“Tropa de Elite” (publicado originalmente em 18/10/2007)
A cena-chave de “Tropa de Elite” (2007), curiosamente, não é uma em que o personagem de Wagner Moura, o capitão Nascimento, está. A seqüência se dá dentro da sala de aula da faculdade de Direito que o soldado André Mathias (o excepcional André Ramiro, em seu primeiro trabalho no set de cinema) freqüenta. Durante uma explanação de seu grupo sobre textos de Michel Foucault, o tema é tráfico de drogas e a violência ‘exagerada’ da polícia. Revoltado por ouvir as defesas dos colegas de classe, o policial – ele demora a revelar a verdadeira profissão – solta: “Quem financia o tráfico são pessoas remediadas como vocês, protegidas dentro de suas casas.” Silêncio na sala. Um silêncio de vergonha seria? O mote da fita de José Padilha (o mesmo do documentário “174”) é este: provocar discussão sobre situações como esta. Quem paga pela cocaína, maconha, heroína? Quem consome a droga é tão cúmplice quanto o traficante? Mathias era quase um parceiro, pois fazia vista grossa para as farras dos amigos ‘burgueses’, enquanto ele suava para garantir seu diploma. Era justo ou injusto?
“Tropa de Elite” é a fita mais comentada em cinco anos, com “Carandiru” (2003) e “Cidade de Deus” (2002). Antes de ser exibida nos ecrãs, centenas de cópias piratas já rodavam pelo país afora. Era sucesso entre policiais, bandidos, espectadores em geral. A Universal Pictures, responsável pela distribuição, resolveu antecipar a estréia para o feriado do Dia das Crianças. Resultado: abriga mais de 700 mil pessoas de público. Capa da revista “Veja”, tema de programas de televisão e de artigos na imprensa, alvo de debates calorosos sobre algumas ‘realidades’ transportadas às telonas, o roteiro de Rodrigo Pimentel, Bráulio Mantovani e José Padilha está dando o que falar. Moura é Nascimento, um policial líder do Bope (Batalhão de Operações Policiais Especiais). Ou seja, o grupo dele age ao sentir que a polícia em si não dá conta do recado. Mas ele quer se aposentar, pois sofre de síndrome do pânico e vive de remédios de tarja preta. Está fatigado. Para escolher seu substituto, realiza curso para interessados em servir ao Bope. A partir daí, vemos séries de torturas, ameaças e humilhações.
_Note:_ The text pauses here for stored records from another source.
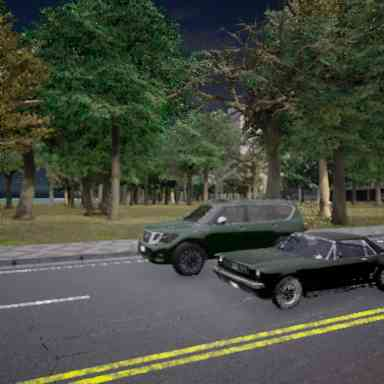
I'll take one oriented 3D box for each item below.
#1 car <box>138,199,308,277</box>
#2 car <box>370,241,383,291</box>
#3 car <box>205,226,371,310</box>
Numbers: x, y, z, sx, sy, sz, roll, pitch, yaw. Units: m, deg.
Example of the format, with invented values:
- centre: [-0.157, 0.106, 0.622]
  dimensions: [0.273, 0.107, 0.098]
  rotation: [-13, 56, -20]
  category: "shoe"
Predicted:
- centre: [1.132, 1.267, 10.610]
  dimensions: [5.566, 2.045, 2.150]
  rotation: [0, 0, -24]
  category: "car"
- centre: [5.392, 1.511, 5.177]
  dimensions: [5.008, 1.535, 1.882]
  rotation: [0, 0, -24]
  category: "car"
- centre: [2.913, 1.640, 7.846]
  dimensions: [4.718, 1.301, 1.895]
  rotation: [0, 0, -24]
  category: "car"
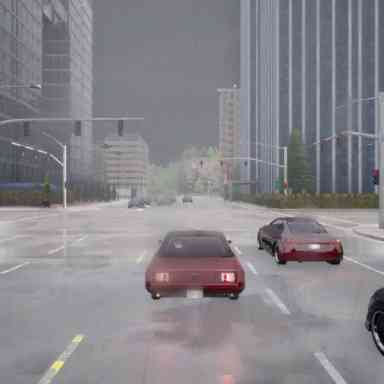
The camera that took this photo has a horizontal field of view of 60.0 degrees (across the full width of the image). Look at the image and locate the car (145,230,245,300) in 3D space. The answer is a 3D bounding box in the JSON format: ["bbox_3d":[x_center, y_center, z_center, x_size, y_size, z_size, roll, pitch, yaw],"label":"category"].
[{"bbox_3d":[0.074,1.601,8.358,1.895,1.301,4.718,0,0,0],"label":"car"}]

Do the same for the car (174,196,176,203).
[{"bbox_3d":[-4.441,1.505,62.211,1.837,1.490,4.892,0,0,-1],"label":"car"}]

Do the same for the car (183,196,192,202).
[{"bbox_3d":[-1.013,1.556,73.551,1.994,1.385,4.181,0,0,-1],"label":"car"}]

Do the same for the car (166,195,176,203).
[{"bbox_3d":[-4.529,1.525,72.509,2.128,1.511,4.902,0,0,-1],"label":"car"}]

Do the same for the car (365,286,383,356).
[{"bbox_3d":[3.610,1.564,3.304,1.994,1.385,4.181,0,0,-1],"label":"car"}]

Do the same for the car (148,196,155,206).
[{"bbox_3d":[-7.876,1.505,56.068,1.837,1.490,4.892,0,0,-1],"label":"car"}]

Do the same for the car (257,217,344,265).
[{"bbox_3d":[3.582,1.564,11.715,1.994,1.385,4.181,0,0,0],"label":"car"}]

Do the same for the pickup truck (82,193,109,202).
[{"bbox_3d":[-21.165,1.058,73.415,2.390,2.098,6.274,0,0,30],"label":"pickup truck"}]

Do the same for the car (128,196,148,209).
[{"bbox_3d":[-7.747,1.505,46.695,1.837,1.490,4.892,0,0,-1],"label":"car"}]

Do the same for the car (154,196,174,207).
[{"bbox_3d":[-4.315,1.564,52.021,1.994,1.385,4.181,0,0,-1],"label":"car"}]

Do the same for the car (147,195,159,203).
[{"bbox_3d":[-7.977,1.492,68.480,2.128,1.511,4.902,0,0,-1],"label":"car"}]
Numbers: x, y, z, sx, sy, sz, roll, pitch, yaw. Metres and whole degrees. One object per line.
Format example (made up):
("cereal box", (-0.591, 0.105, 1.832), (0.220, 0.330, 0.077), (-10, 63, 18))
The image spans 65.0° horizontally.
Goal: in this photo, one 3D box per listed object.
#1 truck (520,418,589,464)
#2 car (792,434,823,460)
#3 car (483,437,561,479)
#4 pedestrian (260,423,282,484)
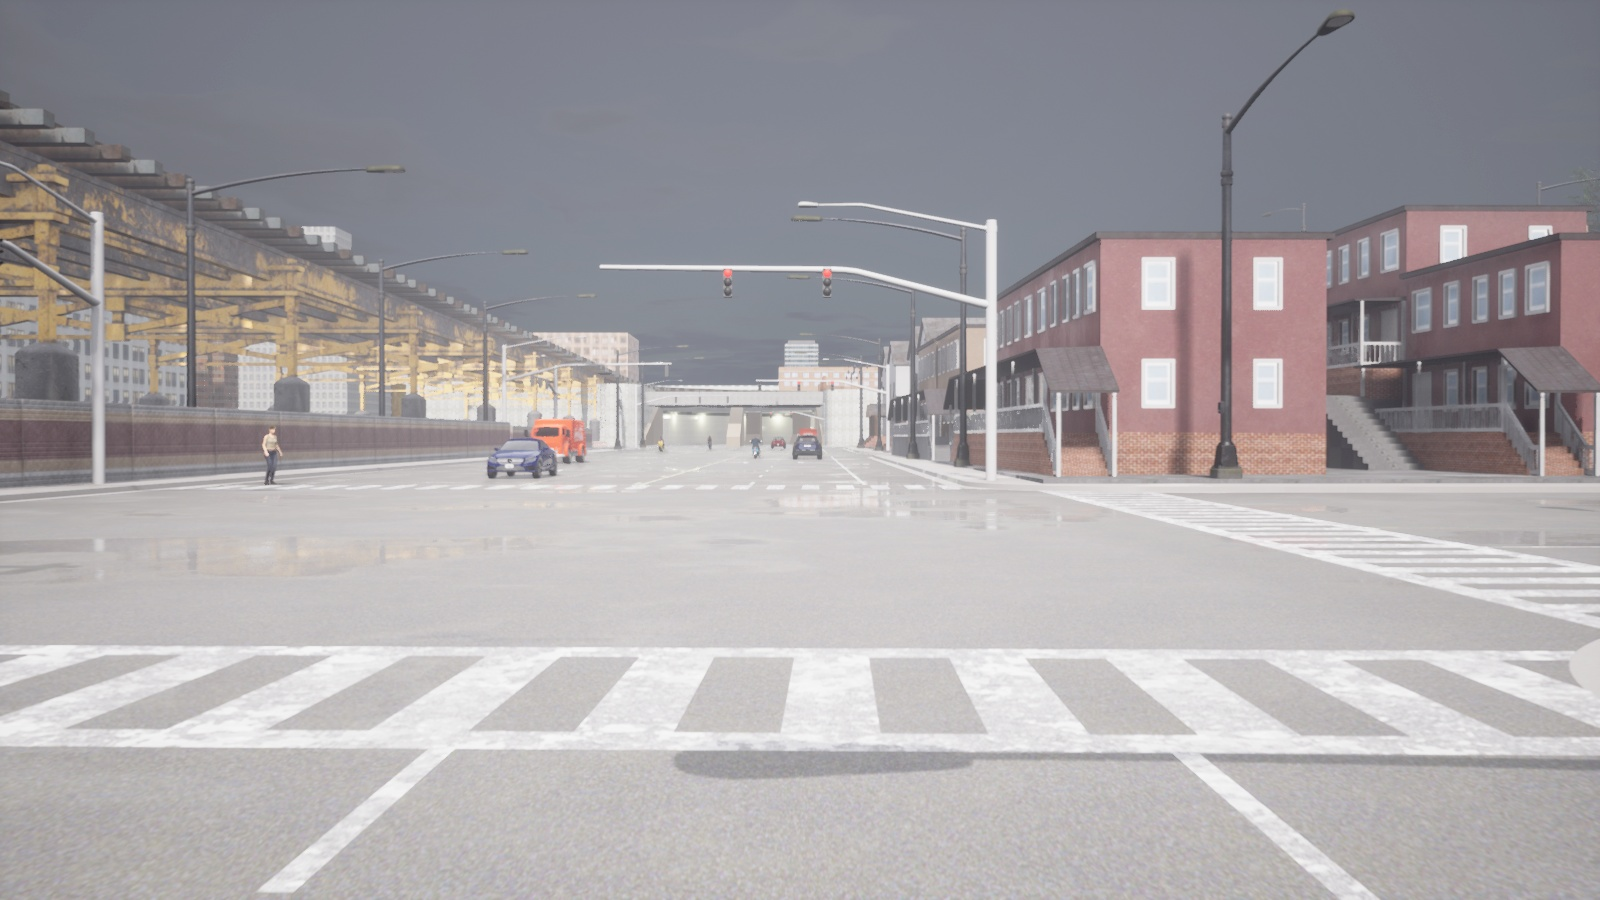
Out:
("truck", (-13.580, -0.509, 69.818), (2.627, 2.467, 5.204), (0, 1, 2))
("car", (0.487, -0.229, 83.385), (2.033, 1.649, 4.856), (0, 1, 0))
("car", (-10.163, 0.262, 46.232), (1.812, 1.442, 4.674), (0, 1, 0))
("pedestrian", (-16.180, 0.107, 38.393), (0.594, 1.836, 0.345), (0, 1, 35))
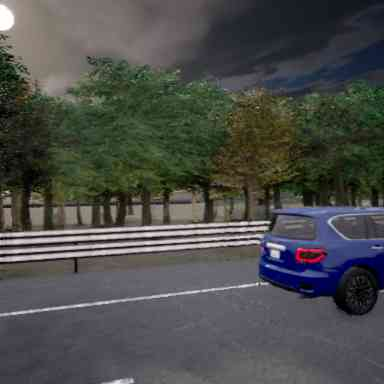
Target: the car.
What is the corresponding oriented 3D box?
[{"bbox_3d":[4.242,1.343,7.777,5.566,2.045,2.150,-1,-2,-20],"label":"car"}]
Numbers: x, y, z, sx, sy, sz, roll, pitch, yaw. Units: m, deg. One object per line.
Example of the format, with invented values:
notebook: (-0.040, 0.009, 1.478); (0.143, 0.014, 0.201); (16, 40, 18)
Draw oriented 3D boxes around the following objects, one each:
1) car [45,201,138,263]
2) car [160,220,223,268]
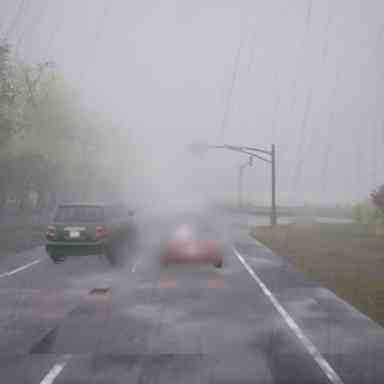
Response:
car: (-3.494, 1.358, 12.605); (2.150, 2.045, 5.566); (0, 0, 0)
car: (0.001, 1.689, 11.781); (1.994, 1.385, 4.181); (0, -1, 0)
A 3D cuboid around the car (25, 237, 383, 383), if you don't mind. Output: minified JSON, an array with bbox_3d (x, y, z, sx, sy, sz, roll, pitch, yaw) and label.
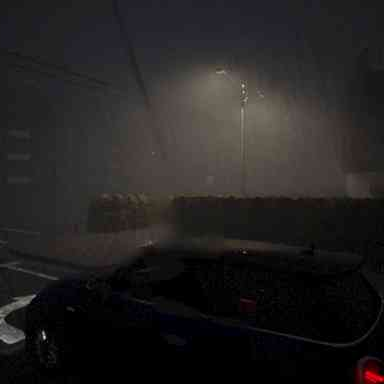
[{"bbox_3d":[-0.010,1.344,3.998,4.553,1.767,2.097,0,0,35],"label":"car"}]
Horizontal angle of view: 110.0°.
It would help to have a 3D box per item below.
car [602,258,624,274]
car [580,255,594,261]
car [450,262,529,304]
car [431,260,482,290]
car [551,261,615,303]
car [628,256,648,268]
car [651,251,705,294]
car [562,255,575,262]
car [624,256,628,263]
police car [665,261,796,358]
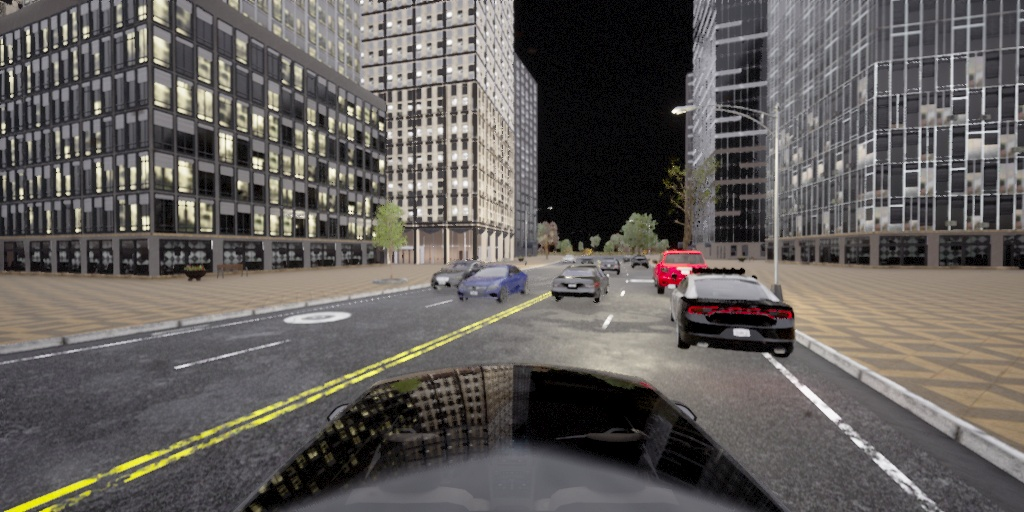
[{"bbox_3d":[9.167,0.881,33.537,2.033,1.411,5.357,0,1,17],"label":"car"},{"bbox_3d":[11.363,0.627,54.041,2.033,1.411,5.357,0,1,14],"label":"car"},{"bbox_3d":[-0.620,1.098,15.567,1.812,1.442,4.674,0,1,20],"label":"car"},{"bbox_3d":[-2.575,1.013,19.686,2.128,1.511,4.902,0,1,20],"label":"car"},{"bbox_3d":[3.112,1.115,15.668,2.033,1.411,5.357,0,1,20],"label":"car"},{"bbox_3d":[15.565,0.704,43.886,1.837,1.490,4.892,0,1,16],"label":"car"},{"bbox_3d":[8.380,0.757,18.027,2.150,2.045,5.566,0,1,20],"label":"car"},{"bbox_3d":[9.510,0.535,60.077,1.812,1.442,4.674,0,1,14],"label":"car"},{"bbox_3d":[20.041,0.582,61.588,1.895,1.301,4.718,0,1,12],"label":"car"},{"bbox_3d":[4.878,1.082,8.578,1.930,1.638,5.238,0,1,21],"label":"police car"}]

Neto (Caio Junqueira) e Mathias se sobressaem nos testes do Batalhão. Entre as provas, está a de mastigar comida jogada no mato, enfrentar pisões, não dormir e passar pelo exame final: seguir uma autêntica batida na favela mais perigosa do Rio de Janeiro. Entre as técnicas de ‘persuasão’ dos membros do Bope está por saco plástico na cabeça do interrogado, ou usar um cabo de vassoura para, digamos... São as entranhas da polícia combativa. Se isso choca ou dói, a intenção era essa mesma. Vemos em “Tropa de Elite” como a polícia se corrompe, por exemplo, da forma mais fria possível. A perseguição a Baiano (Fábio Lago), o traficante-mor da favela, é injuriada. A cena final é marcante e, simultaneamente, reflete a fragilidade de se medir em qual estágio um ser humano pode suportar uma pressão. Tudo muito bem amarrado por Padilha. O ritmo do filme é excelente, com câmeras nervosas em captar cada segundo de ação, tal como “Cidade de Deus”. De antemão, sabia-se do brilho da fita: é necessidade do povo carente de segurança, ávido por ver o sangue do mal-feitor escorrer pela testa.